Die bayerische Architekturszene begeht in diesem Jahr ein Jubiläum: Die „Architektouren“ der Bayerischen Architektenkammer feiern ihre 30. Ausgabe. Diese jährliche Veranstaltung bietet Ende Juni Einblicke in maßgebende Beispiele aus Architektur, Landschaftsarchitektur, Innenarchitektur und Stadtplanung in allen bayerischen Regierungsbezirken. Zum Auftakt der diesjährigen Architektouren wurde die Preview-Ausstellung mit exemplarischen staatlichen oder staatlich geförderten Projekten im Foyer des Bauministeriums eröffnet. Die Eröffnung verantworteten Bayerns Bauminister Christian Bernreiter und die Präsidentin der Bayerischen Architektenkammer, Professor Lydia Haack.
Die Architektouren finden dieses Jahr am 27. und 28. Juni statt. Hierbei werden 199 Projekte präsentiert, die von einem unabhängigen Expertengremium selektiert wurden. Diese Bauvorhaben demonstrieren kreative Ansätze, einen sorgfältigen Umgang mit Ressourcen und die Gestaltung lebenswerter Räume. Sie illustrieren den essenziellen Beitrag von Architektur und Stadtentwicklung für eine zukunftsfähige Gesellschaft in Bayern.
Statements und Fokus der Ausstellung
Bauminister Bernreiter hob hervor, dass die Architektouren über drei Jahrzehnte aufzeigen, wie qualitätvolles Planen und Bauen das Land formt. Er betonte, dass in der aktuellen Phase die Baubranche verlässliche Rahmenbedingungen und neue Impulse benötige.

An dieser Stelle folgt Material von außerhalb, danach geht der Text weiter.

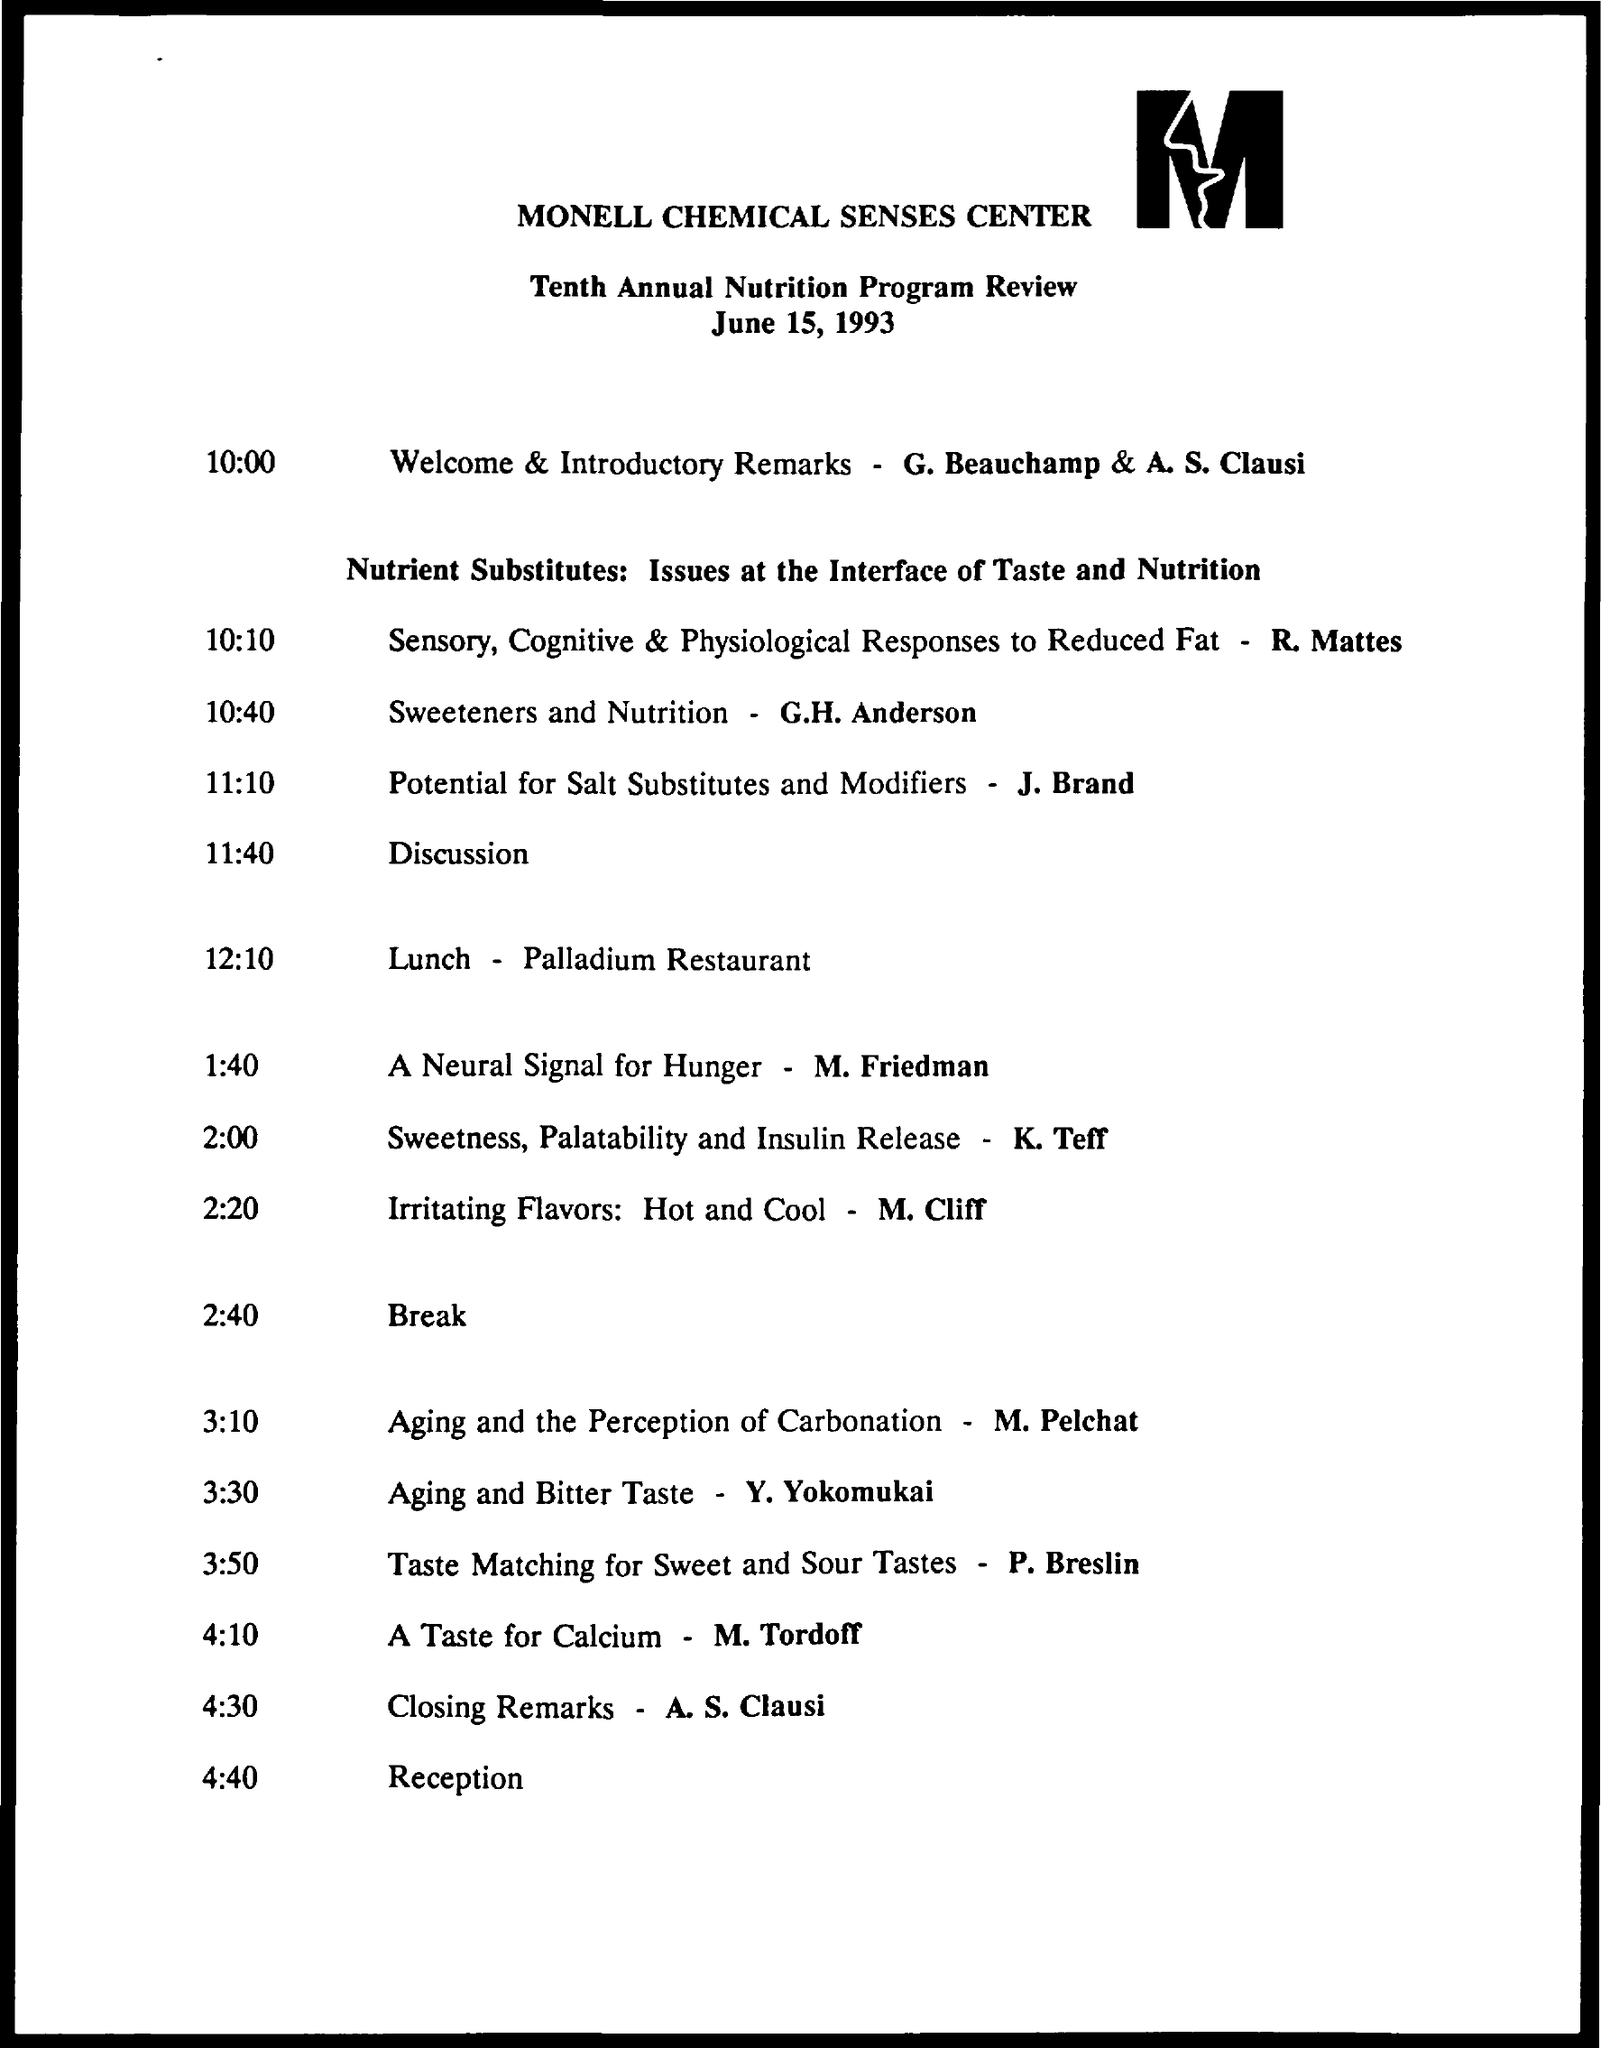What is the name of company on letter head?
Your response must be concise. Monell Chemical Senses Center. For what date this agenda is made for?
Keep it short and to the point. June 15, 1993. Who gives welcome and introductory remarks at 10:00?
Provide a succinct answer. G. Beauchamp & A.S. Clausi. A Neural Signal for Hunger is given by ?
Give a very brief answer. M. Friedman. A discussion on Potential for Salt Substitutes and  Modifiers is given by?
Ensure brevity in your answer.  J. Brand. What is the  time scheduled for lunch?
Provide a succinct answer. 12:10. What is the venue for lunch?
Offer a terse response. Palladium Restaurant. Discussion on Sweetners and Nutrition is given by?
Provide a succinct answer. G.H. Anderson. Who gives closing remarks?
Provide a succinct answer. A.S. Clausi. Discussion on A Taste for Calcium is given by?
Offer a terse response. M. Tordoff.

Das Ziel sei, das Bauen einfacher, ressourcenschonender, schneller und kostengünstiger zu gestalten, was die Architektouren als realisierbar erwiesen. Bernreiter äußerte seine Freude über die Beteiligung des Freistaats mit 62 Projekten, womit die Vorbildfunktion erfüllt werde.
Kammerpräsidentin Haack unterstrich, dass angesichts von Klimawandel, Wohnraumknappheit und der Diskussion über öffentliche Räume eine Gesellschaft erforderlich sei, die Qualität anerkennt und fordert. Die Architektouren trügen seit dreißig Jahren dazu bei, indem sie den Dialog fördern und qualitätsvolle, klimakompetente Planung und Gestaltung visualisieren und erfahrbar machen.
- —62 staatliche oder staatlich geförderte Vorhaben stehen im Fokus der Ausstellung.
- —Innovative und nachhaltige Bauweisen werden gezeigt.
- —Architekturkonzepte für zeitgemäßes und barrierefreies Wohnen sind Teil der Präsentation.
- —Qualitätsvolle Revitalisierungen von Stadträumen und Landschaften werden vorgestellt.
Die Ausstellungseröffnung wurde durch die Vorstellung bemerkenswerter Projekte der Städtebau- und Wohnraumförderung in Penzberg, Tirschenreuth und Rosenheim ergänzt. Dies umfasste eine Retrospektive auf die ersten Architektouren von 1996, Einblicke in Lösungen für qualitätsvollen und erschwinglichen Wohnraum sowie Beispiele für die zeitgemäße Umnutzung von historischem, städtebaulichem Bestand. Die Ausstellung konzentriert sich auf die 62 staatlichen oder staatlich geförderten Vorhaben, die dieses Jahr Teil der Architektouren sind. Zu sehen sind innovative und nachhaltige Bauweisen, Architekturkonzepte für zeitgemäßes und barrierefreies Wohnen sowie qualitätsvolle stadt- und landschaftsplanerische Revitalisierungen von Stadträumen.
Die Ausstellung ist bis einschließlich Freitag, den 17. Juli 2026, montags bis freitags von 10:00 bis 18:00 Uhr im Foyer des Bauministeriums, Franz-Josef-Strauß-Ring 4, 80539 München, zugänglich.